Foi com uma certa nostalgia instalada no canto do olho que vi ontem o programa comemorativo dos 50 anos da RTP. Adoro ter a idade que tenho porque só na década dos trinta, atingi a maturidade necessária para gostar de mim e estar em harmonia com o mundo. Contudo, não é segredo para ninguém que sou uma saudosista incurável e que adoro recordar momentos da infância e da adolescência. Portanto, o programa de ontem foi a minha cara!
Adorei rever o Engº Sousa Veloso, porque sim vi muitas vezes o Boletim Agrário. Vi com emoção os corpos (imagens actuais e antigas) daquelas vozes que fazem parte de muito da cultura que aprendi com documentários como a Ana Zanati e o Eládio Clímaco. Foi giro ver algumas misses Portugal mais idosas. Adorei ouvir a medley com os genéricos dos desenhos animados que vi e revi como a heidi e a abelha maia. Fiquei toda melosa quando ouvi as canções que davam todos os dias para as crianças irem dormir, com especial preferência pelas do Vitinho. Fartei-me de rir a ver as publicidade da laca, da pasta medicinal couto e do restaurador olex. Cantei todos os jingles publicitários da bic laranja bic cristal, mokambo e outras que tais. Também cantarolei todas as canções do Festival da Canção e recordei com saudade o Carlos Paião. E acima de tudo, fiquei quase a chorar quando vi a Rosa Mota e o Carlos Lopes a cortar a meta e dar-nos a medalha de ouro nos Jogos Olímpicos; assim como a presença dos nossos paraolímpicos. Não há dúvida que o futebol é lindo mas foi sempre o Atletismo que me deu as maiores alegrias por Portugal!

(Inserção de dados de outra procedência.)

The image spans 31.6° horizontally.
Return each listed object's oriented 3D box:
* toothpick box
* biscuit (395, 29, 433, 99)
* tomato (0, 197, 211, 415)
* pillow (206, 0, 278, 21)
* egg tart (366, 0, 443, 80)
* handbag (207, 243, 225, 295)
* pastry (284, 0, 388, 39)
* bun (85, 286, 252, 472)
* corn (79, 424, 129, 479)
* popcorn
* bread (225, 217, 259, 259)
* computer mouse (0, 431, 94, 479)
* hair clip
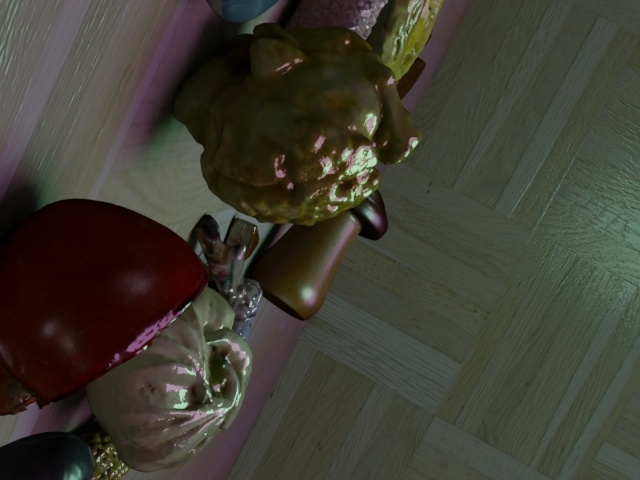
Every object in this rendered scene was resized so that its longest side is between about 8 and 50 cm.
[{"bbox_3d":[0.000,0.000,2.178,0.294,0.192,0.192,-55,172,-12],"label":"toothpick box"},{"bbox_3d":[0.119,-0.320,2.267,0.283,0.064,0.432,-53,172,2],"label":"biscuit"},{"bbox_3d":[-0.212,0.042,0.943,0.233,0.139,0.200,-23,-167,41],"label":"tomato"},{"bbox_3d":[-0.044,-0.307,1.028,0.233,0.086,0.214,99,15,-75],"label":"pillow"},{"bbox_3d":[0.128,-0.403,1.705,0.345,0.132,0.345,-60,174,-11],"label":"egg tart"},{"bbox_3d":[-0.208,0.146,1.749,0.241,0.109,0.315,-47,150,-69],"label":"handbag"},{"bbox_3d":[0.026,-0.305,1.463,0.265,0.103,0.112,-62,-179,-22],"label":"pastry"},{"bbox_3d":[-0.176,0.172,1.408,0.259,0.160,0.259,-37,133,-53],"label":"bun"},{"bbox_3d":[-0.295,0.294,1.538,0.086,0.086,0.288,-63,175,6],"label":"corn"},{"bbox_3d":[-0.021,-0.128,1.226,0.195,0.255,0.256,111,3,-56],"label":"popcorn"},{"bbox_3d":[-0.127,0.004,1.810,0.062,0.043,0.109,-63,175,-9],"label":"bread"},{"bbox_3d":[-0.357,0.323,1.086,0.374,0.114,0.203,-55,177,7],"label":"computer mouse"},{"bbox_3d":[-0.131,0.091,1.656,0.300,0.069,0.173,87,20,-43],"label":"hair clip"}]
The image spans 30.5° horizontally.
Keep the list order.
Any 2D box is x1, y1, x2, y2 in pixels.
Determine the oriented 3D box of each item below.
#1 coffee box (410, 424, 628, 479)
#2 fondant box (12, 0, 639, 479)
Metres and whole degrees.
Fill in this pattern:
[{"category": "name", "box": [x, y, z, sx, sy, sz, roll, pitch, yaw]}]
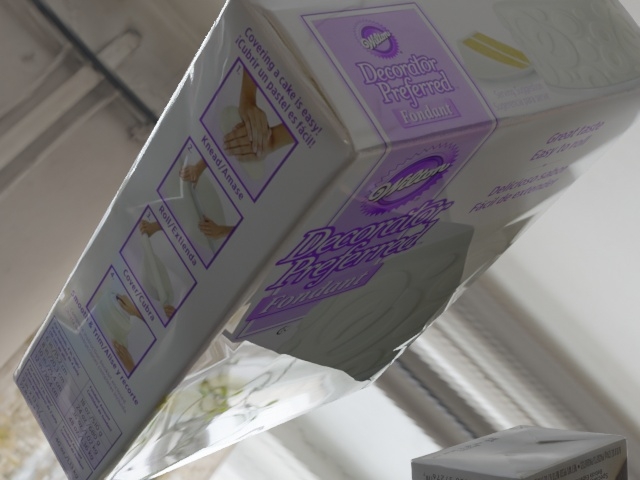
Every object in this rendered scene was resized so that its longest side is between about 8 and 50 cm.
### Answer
[{"category": "coffee box", "box": [0.176, 0.321, 0.992, 0.119, 0.168, 0.297, 0, -86, 43]}, {"category": "fondant box", "box": [0.000, 0.000, 0.640, 0.096, 0.238, 0.330, 56, -44, 19]}]
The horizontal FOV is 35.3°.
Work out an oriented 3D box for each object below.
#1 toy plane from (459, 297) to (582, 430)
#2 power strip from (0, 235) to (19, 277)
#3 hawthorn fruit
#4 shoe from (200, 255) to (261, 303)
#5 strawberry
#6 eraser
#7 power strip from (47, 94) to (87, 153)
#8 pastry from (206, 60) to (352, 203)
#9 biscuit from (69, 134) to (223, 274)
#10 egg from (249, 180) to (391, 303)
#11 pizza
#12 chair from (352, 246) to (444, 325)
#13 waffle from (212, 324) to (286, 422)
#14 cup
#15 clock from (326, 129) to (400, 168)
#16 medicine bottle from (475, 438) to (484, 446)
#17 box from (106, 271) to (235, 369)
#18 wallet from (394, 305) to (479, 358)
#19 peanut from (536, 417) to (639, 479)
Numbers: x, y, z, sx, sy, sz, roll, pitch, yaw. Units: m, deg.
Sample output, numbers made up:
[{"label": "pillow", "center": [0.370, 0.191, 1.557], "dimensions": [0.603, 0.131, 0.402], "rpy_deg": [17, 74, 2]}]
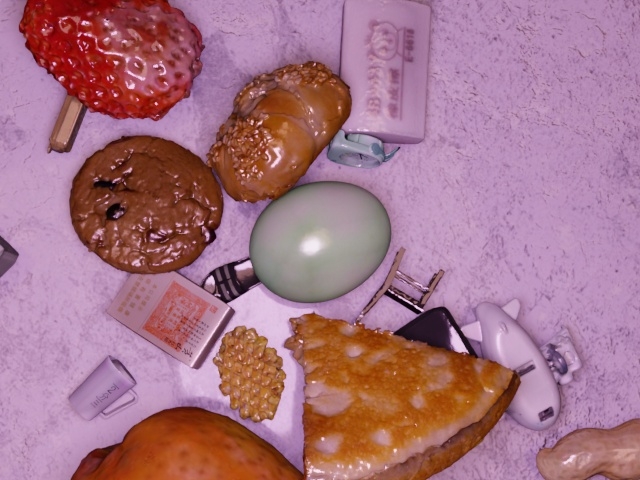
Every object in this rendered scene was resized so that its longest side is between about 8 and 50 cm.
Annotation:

E quando, finalmente, julgava que já tinha visto tudo o que havia para ver, o João Baião foi entrevistar pessoas da rua sobre a RTP e não é que uma das que falou foi a minha mãe!!! Querem melhor? Alguém sabe se o programa vai repetir? É que este eu vou mesmo gravar! Alguém sabe como posso gravar em formato digital?

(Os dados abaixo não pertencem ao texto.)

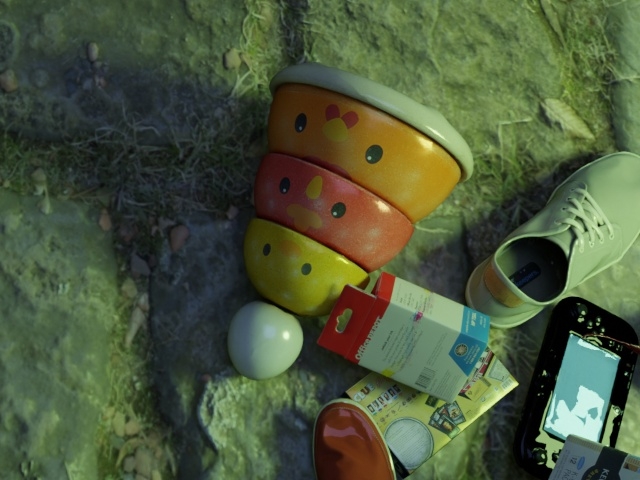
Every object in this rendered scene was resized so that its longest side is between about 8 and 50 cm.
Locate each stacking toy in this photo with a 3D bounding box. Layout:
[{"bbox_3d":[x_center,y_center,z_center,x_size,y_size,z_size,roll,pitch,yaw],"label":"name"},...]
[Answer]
[{"bbox_3d":[0.000,0.000,1.707,0.350,0.350,0.480,25,82,-2],"label":"stacking toy"}]

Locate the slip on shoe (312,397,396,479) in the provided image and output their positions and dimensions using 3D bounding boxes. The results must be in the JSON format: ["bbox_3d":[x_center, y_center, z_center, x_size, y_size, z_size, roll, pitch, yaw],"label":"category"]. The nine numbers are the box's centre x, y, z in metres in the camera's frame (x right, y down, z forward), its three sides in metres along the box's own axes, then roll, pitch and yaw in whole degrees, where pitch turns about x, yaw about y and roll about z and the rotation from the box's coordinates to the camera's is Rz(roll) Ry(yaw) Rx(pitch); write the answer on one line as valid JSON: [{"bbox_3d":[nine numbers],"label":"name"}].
[{"bbox_3d":[0.054,0.393,1.619,0.123,0.101,0.331,-9,69,6],"label":"slip on shoe"}]

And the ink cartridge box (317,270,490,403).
[{"bbox_3d":[0.127,0.140,1.675,0.231,0.134,0.078,24,32,-2],"label":"ink cartridge box"}]

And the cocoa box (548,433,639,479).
[{"bbox_3d":[0.417,0.491,1.524,0.228,0.231,0.347,15,71,42],"label":"cocoa box"}]

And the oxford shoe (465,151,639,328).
[{"bbox_3d":[0.431,-0.011,1.865,0.449,0.130,0.169,-36,78,-24],"label":"oxford shoe"}]

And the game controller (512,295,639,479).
[{"bbox_3d":[0.421,0.252,1.788,0.166,0.067,0.319,23,66,-3],"label":"game controller"}]

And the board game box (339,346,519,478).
[{"bbox_3d":[0.175,0.240,1.751,0.243,0.042,0.165,-34,79,-22],"label":"board game box"}]

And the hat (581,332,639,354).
[{"bbox_3d":[0.563,0.184,1.848,0.183,0.209,0.173,-3,36,26],"label":"hat"}]

O meu filhote perguntou-me: – Daqui a 50 anos, quando a RTP fizer 100 anos, achas que és viva? – Não sei. – respondi-lhe. Esperemos que sim, mas com saúde. E é o que desejo a todos nós, que daqui a 50 anos, havendo ou não televisão generalista, sejamos todos uns velhinhos amorosos, ajuizados e saudáveis… com muita nostalgia instalada no canto do olho…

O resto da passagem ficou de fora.